- Born: 14 April 1855 Carmarthen
- Died: 12 February 1927 (aged 71) Cheltenham
- Alma mater: North London Collegiate School ;
- Occupation: Principal
- Relatives: Hugh Price Hughes, Elizabeth Phillips Hughes

= Frances Hughes =

British head of a Women's Hall of Residence (1855–1927)

Frances Emily Hughes became Frances Emily Webb-Peploe (14 April 1855 – 12 February 1927) was the head of the Women's hall of residence for the University College of North Wales in Bangor. She resigned following a dispute that caused a national debate.

== Life ==
Hughes was born in 1855. Her parents were Anne Phillips and John Hughes. Her father was a surgeon based in Carmarthen and the family already included her brother Hugh Price Hughes and her sister Elizabeth Phillips Hughes. She completed her education at the North London Collegiate School. Her brother became a Wesleyan minister whereas she and her sister became Anglicans.

Hughes was employed as the head of the Women's hall of residence for the University College of North Wales in Bangor.

==The "Bangor dispute"==
Elspeth and John Rhŷs' daughter, Myfanwy, attended the college in Bangor where she lived at the women's hall. Hughes was concerned that their daughter was leaving the hall to visit Violet Osborn. Osborn had arrived at the Hall in 1891 when she was 25. She had lived at the hall for a year but she then decided to not live in the hall and moved to Sackville Terrace.
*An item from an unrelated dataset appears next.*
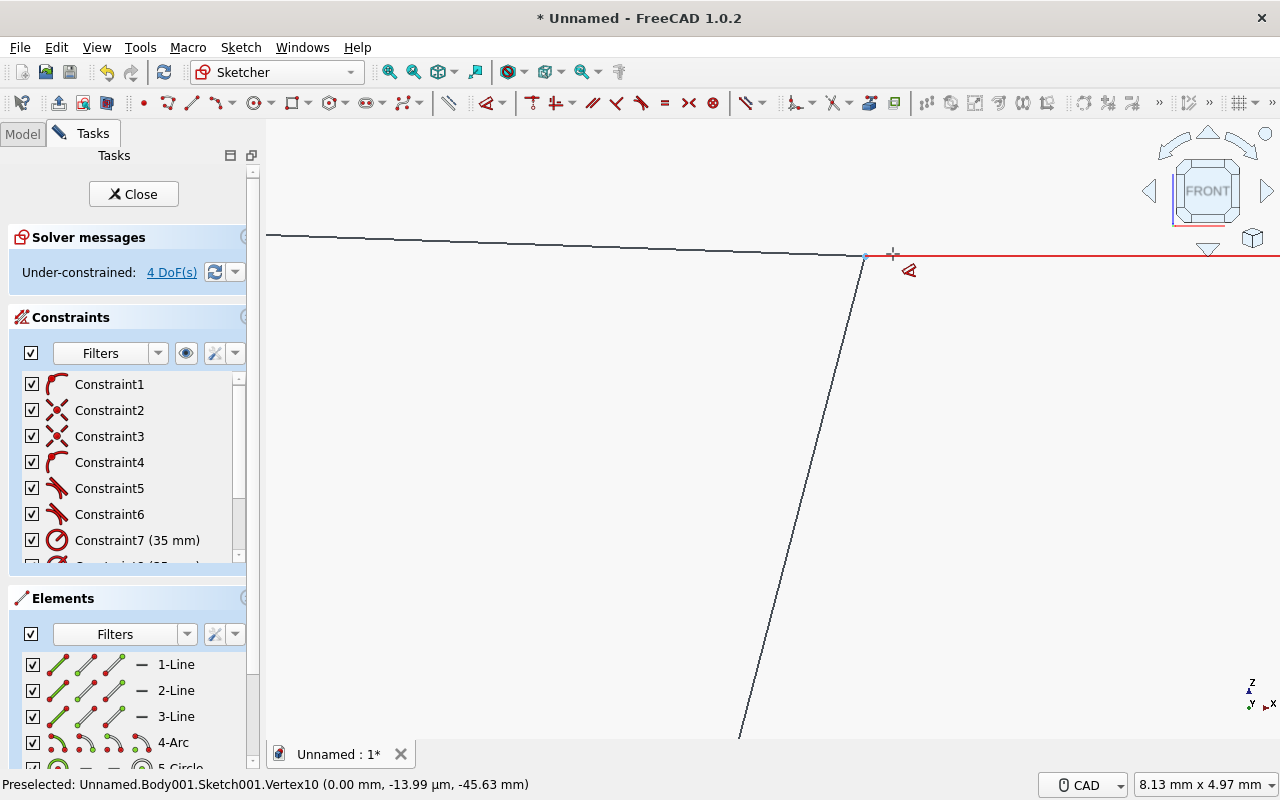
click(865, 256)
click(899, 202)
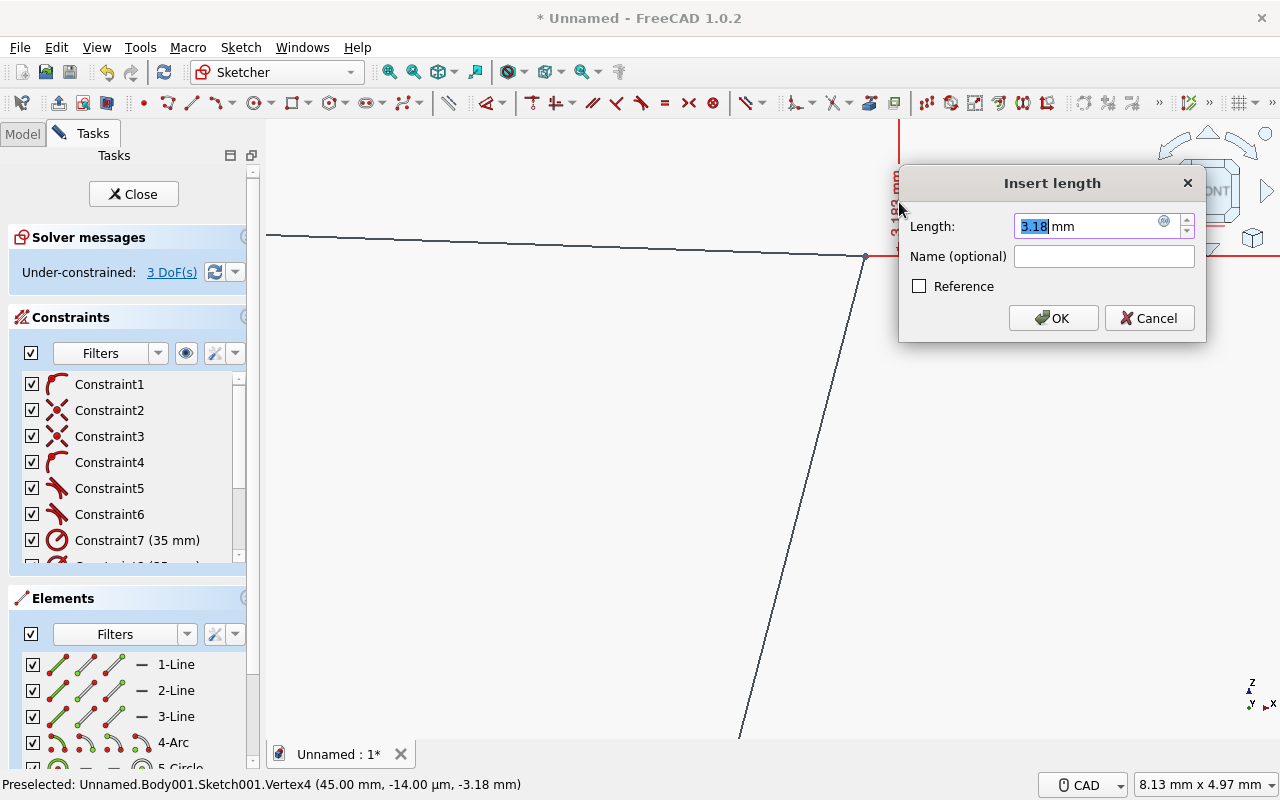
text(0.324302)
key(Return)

Hughes spoke, in confidence, to Myfanwy's mother Elspeth Rhŷs who was a teacher and a prominent campaigner for the education of women. Elspeth said that she was told that the elder Osborn was not good company for Myfanwy. She was "unfavourably brought-up", untruthful and not "pure-minded". It was against the rules for students staying at the halls to visit students who lived elsewhere and Osborn's character was questioned. News of this conversation spread and Violet Osborn and her supporters were concerned at the implication on her reputation. Hughes had expressed doubts about Violet's intentions and her integrity. The hall's governor's asked Frances to explain herself but she refused to reveal her sources. The Senate stood by Violet Osborn and the governors of the halls of residence backed Frances.

Her brother Hugh Price Hughes wrote to The Times in 1893 pointing out that Frances had been mistreated. He supported her view that students who decided to opt-in to staying at hall should not mix with those who opted-out. He added to the fuss by using the phrase "unattached" to refer to women students who were not in hall. The implications of the term implied a lack of supervision and the college objected. Henry Reichel wrote to The Times to complain, but the term "unattached" was re-used by the media as they continued to report the matter. Frances also wrote to the Times and she won a libel case against the Weekly Dispatch.

Two of Bangor's professors were involved in the case. Edward Vernon Arnold married Violet Osborn. The other was Evan Keri Evans and eventually had to resign his position.

==Later==
In 1891 the college decided that any student under the age of 21 should be obliged to live in hall.

She married Revd Francis Hanmer Webb-Peploe and became known as a minister's wife. She died in the vicarage in Cheltenham on 12 February 1927.